> **Exercise objective**:
Starting at the top of the listing below, copy each line exactly, stopping after the line that contains "Task: Locate the".

> **Exercise inputs**:
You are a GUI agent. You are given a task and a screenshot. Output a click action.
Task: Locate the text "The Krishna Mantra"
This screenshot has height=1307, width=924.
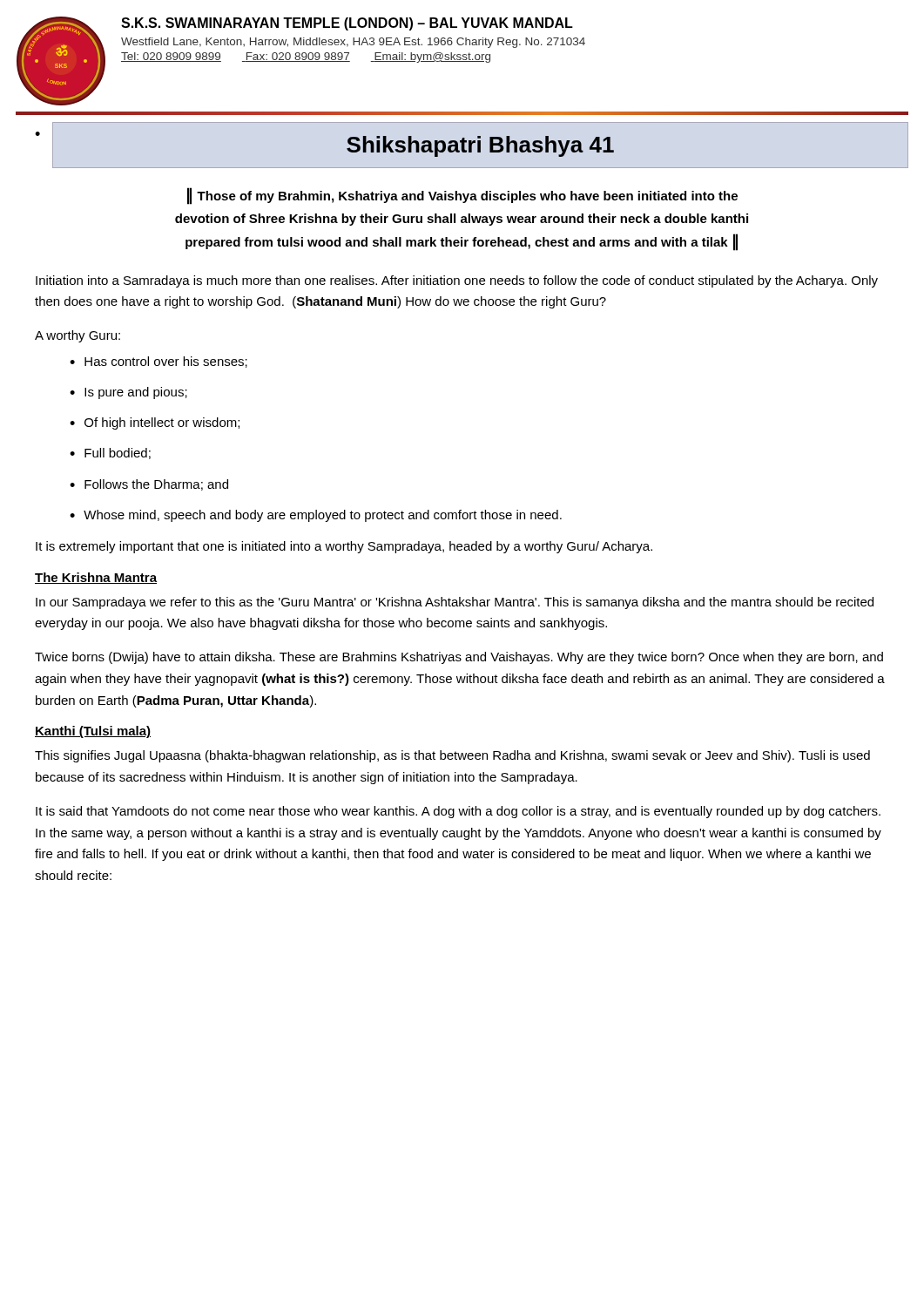pyautogui.click(x=96, y=577)
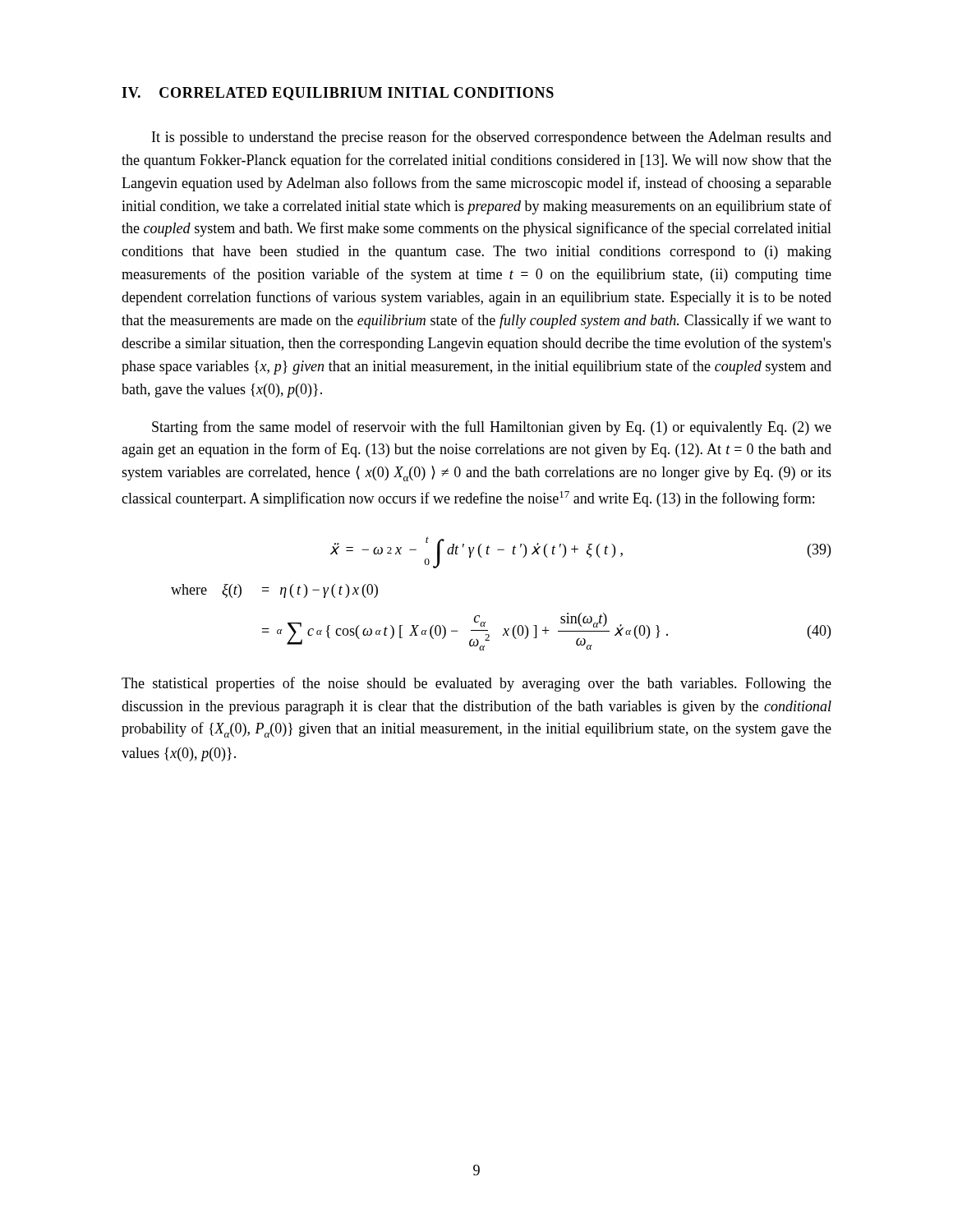
Task: Find the formula with the text "ẍ = −ω2x − t 0 ∫"
Action: pyautogui.click(x=580, y=551)
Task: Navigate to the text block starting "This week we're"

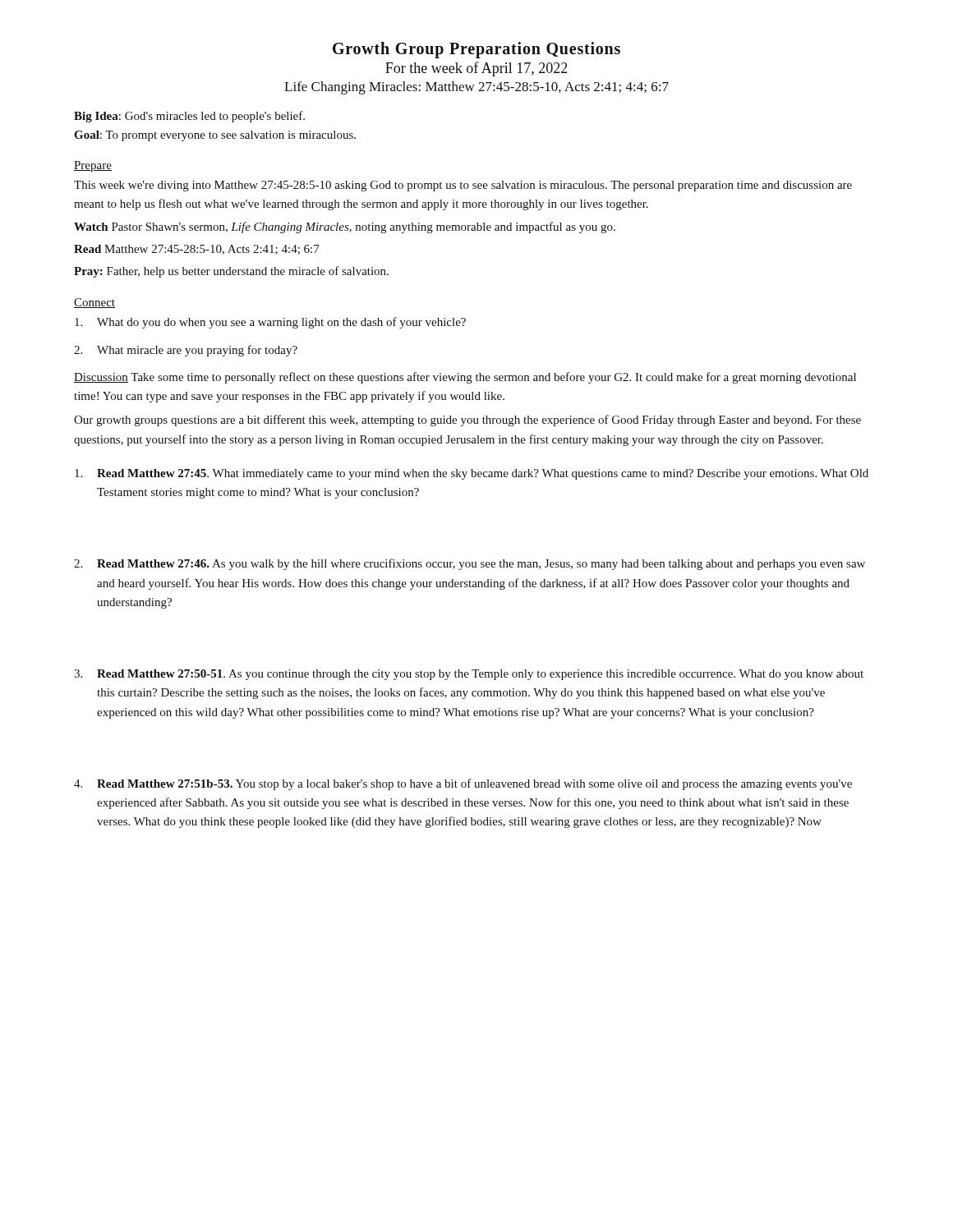Action: [x=463, y=194]
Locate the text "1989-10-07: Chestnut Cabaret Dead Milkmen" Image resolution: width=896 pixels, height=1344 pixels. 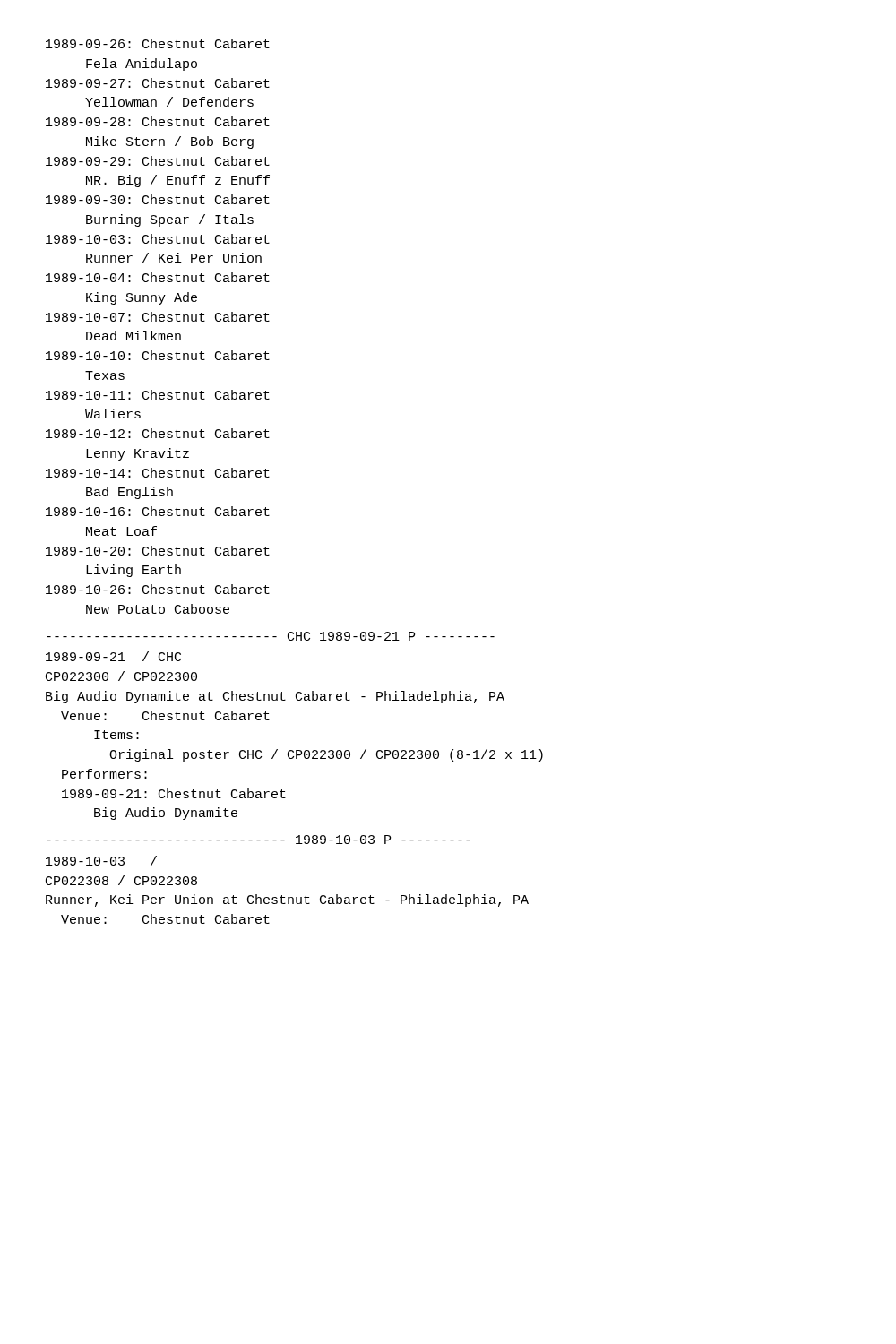click(x=158, y=328)
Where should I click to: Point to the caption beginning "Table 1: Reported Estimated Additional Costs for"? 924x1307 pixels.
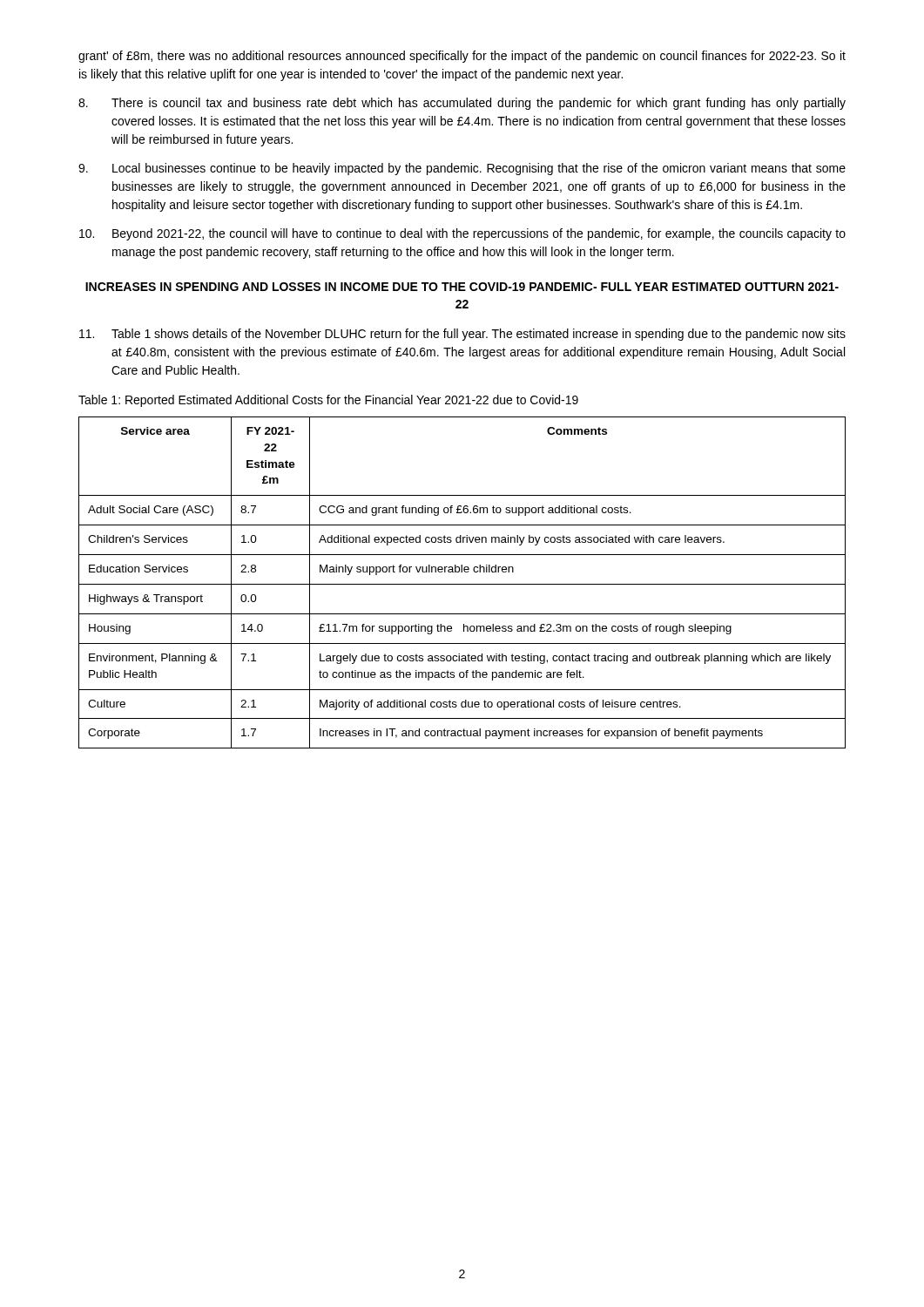point(462,401)

> **Final answer**:
You are a GUI agent. You are given a task and a screenshot. Output a click action.
Task: Locate the text "The Krishna Mantra"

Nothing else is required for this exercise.